- **TASK OBJECTIVE**:
Note on the material below: return exactly the lines from the line that holds "Could you assist" through the line that holds "Could you extract", and leave out each picture.

- **RECORD EXTRACTS**:
BEGIN

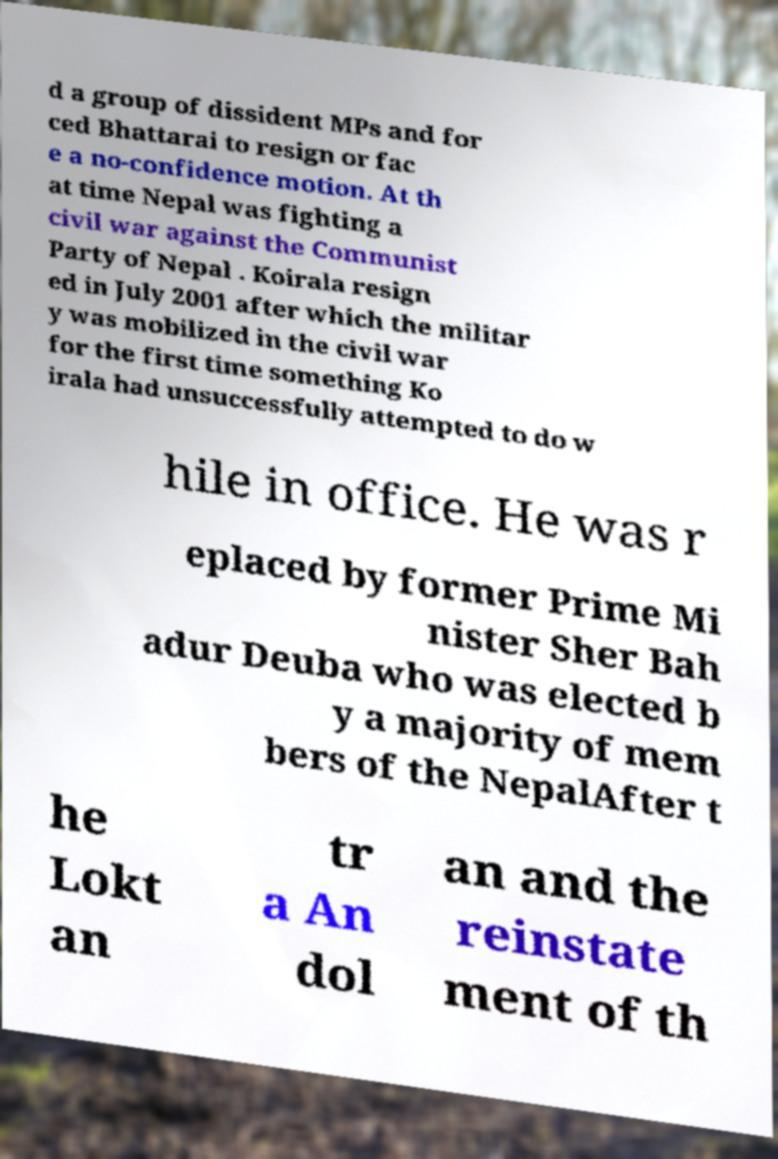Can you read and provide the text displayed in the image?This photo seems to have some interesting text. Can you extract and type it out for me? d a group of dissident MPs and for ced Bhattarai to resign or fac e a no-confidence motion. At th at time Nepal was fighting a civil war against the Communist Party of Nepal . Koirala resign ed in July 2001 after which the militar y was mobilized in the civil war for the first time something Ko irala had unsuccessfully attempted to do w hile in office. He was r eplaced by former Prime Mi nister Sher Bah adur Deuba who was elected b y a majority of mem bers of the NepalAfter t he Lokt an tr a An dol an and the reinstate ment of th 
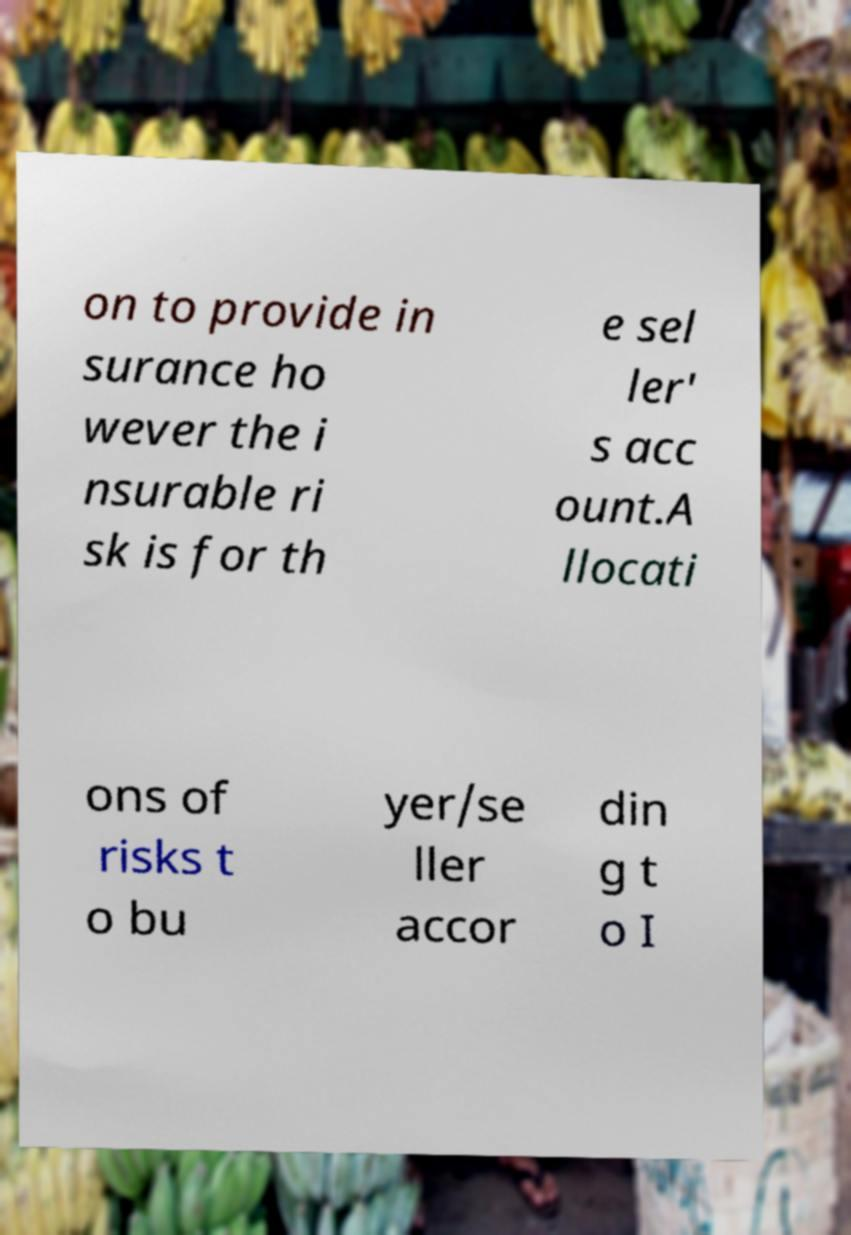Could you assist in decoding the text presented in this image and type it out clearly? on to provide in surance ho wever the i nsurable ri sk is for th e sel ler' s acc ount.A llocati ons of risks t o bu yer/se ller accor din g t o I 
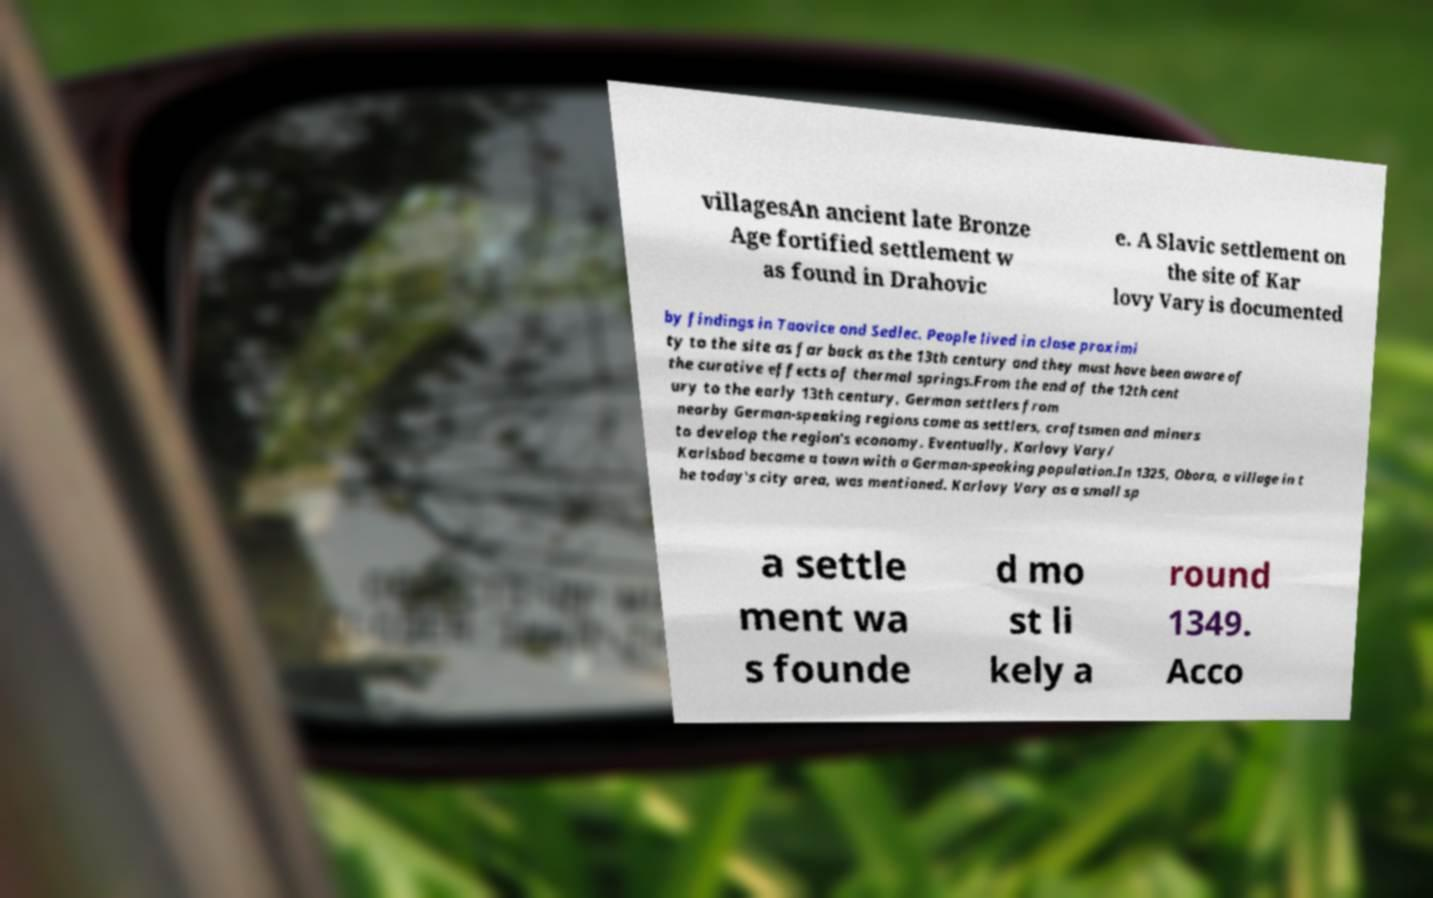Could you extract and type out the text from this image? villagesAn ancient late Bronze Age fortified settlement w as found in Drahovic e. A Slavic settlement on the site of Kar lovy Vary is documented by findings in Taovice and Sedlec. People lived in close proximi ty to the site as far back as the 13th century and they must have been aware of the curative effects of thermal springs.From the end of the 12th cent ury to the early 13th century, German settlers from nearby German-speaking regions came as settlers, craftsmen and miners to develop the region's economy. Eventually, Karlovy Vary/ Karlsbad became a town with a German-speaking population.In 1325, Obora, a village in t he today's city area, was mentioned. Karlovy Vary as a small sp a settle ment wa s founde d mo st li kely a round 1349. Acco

END
BEGIN

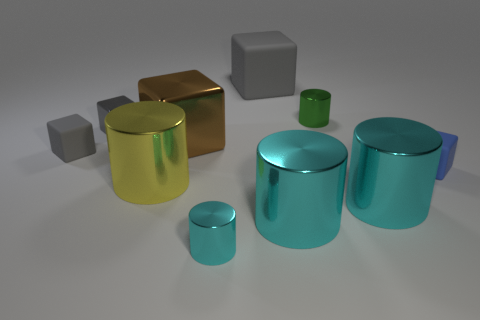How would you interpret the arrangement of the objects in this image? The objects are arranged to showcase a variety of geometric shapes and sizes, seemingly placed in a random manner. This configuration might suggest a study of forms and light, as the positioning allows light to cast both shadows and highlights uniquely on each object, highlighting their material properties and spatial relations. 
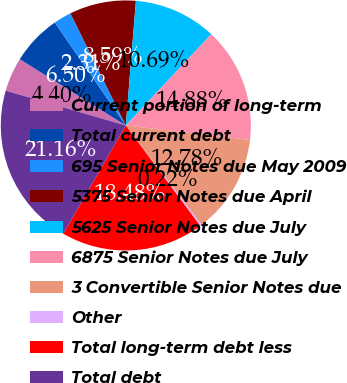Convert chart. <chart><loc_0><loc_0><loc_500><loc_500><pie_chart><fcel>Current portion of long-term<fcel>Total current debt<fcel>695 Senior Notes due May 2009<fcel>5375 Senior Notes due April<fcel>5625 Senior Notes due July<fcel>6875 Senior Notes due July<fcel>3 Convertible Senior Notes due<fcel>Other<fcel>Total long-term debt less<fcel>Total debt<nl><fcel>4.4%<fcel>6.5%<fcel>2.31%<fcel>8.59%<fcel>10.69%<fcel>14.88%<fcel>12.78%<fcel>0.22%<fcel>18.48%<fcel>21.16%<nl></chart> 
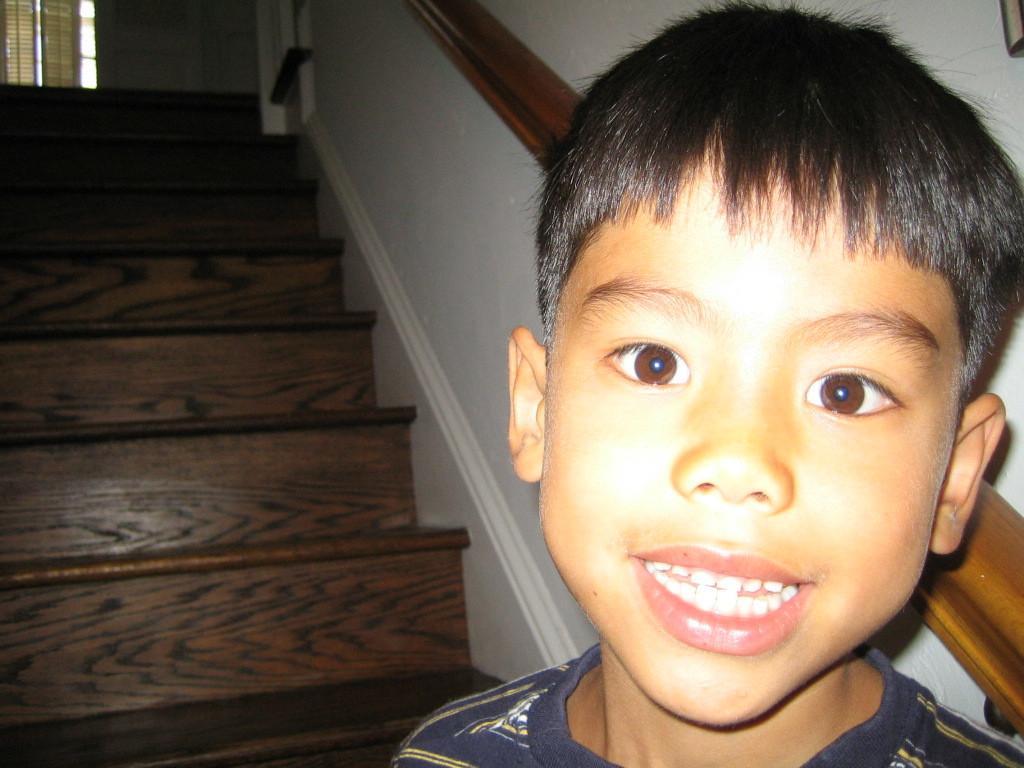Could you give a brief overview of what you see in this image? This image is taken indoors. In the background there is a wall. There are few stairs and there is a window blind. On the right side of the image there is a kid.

END
BEGIN

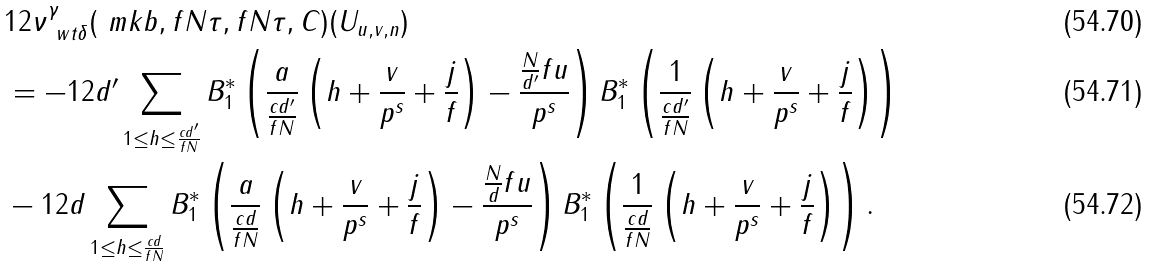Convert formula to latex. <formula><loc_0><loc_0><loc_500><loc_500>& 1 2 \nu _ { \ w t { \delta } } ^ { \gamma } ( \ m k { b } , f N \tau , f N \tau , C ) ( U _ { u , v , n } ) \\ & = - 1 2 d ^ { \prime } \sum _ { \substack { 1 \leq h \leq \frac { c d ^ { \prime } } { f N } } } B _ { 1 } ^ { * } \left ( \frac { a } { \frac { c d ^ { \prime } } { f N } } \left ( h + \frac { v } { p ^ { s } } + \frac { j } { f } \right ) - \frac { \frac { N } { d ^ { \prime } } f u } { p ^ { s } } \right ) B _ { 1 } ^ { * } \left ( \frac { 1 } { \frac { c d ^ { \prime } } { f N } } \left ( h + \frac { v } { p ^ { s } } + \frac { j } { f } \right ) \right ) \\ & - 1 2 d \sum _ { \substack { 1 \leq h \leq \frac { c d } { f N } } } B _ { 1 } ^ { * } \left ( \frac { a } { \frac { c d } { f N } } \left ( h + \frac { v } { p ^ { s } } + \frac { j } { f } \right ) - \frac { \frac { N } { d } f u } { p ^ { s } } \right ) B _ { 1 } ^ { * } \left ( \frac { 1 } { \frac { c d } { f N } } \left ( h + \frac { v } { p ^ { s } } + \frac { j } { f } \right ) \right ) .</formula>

END

- **ANSWER TO THIS TASK**:
Could you assist in decoding the text presented in this image and type it out clearly? on to provide in surance ho wever the i nsurable ri sk is for th e sel ler' s acc ount.A llocati ons of risks t o bu yer/se ller accor din g t o I 
Could you extract and type out the text from this image? villagesAn ancient late Bronze Age fortified settlement w as found in Drahovic e. A Slavic settlement on the site of Kar lovy Vary is documented by findings in Taovice and Sedlec. People lived in close proximi ty to the site as far back as the 13th century and they must have been aware of the curative effects of thermal springs.From the end of the 12th cent ury to the early 13th century, German settlers from nearby German-speaking regions came as settlers, craftsmen and miners to develop the region's economy. Eventually, Karlovy Vary/ Karlsbad became a town with a German-speaking population.In 1325, Obora, a village in t he today's city area, was mentioned. Karlovy Vary as a small sp a settle ment wa s founde d mo st li kely a round 1349. Acco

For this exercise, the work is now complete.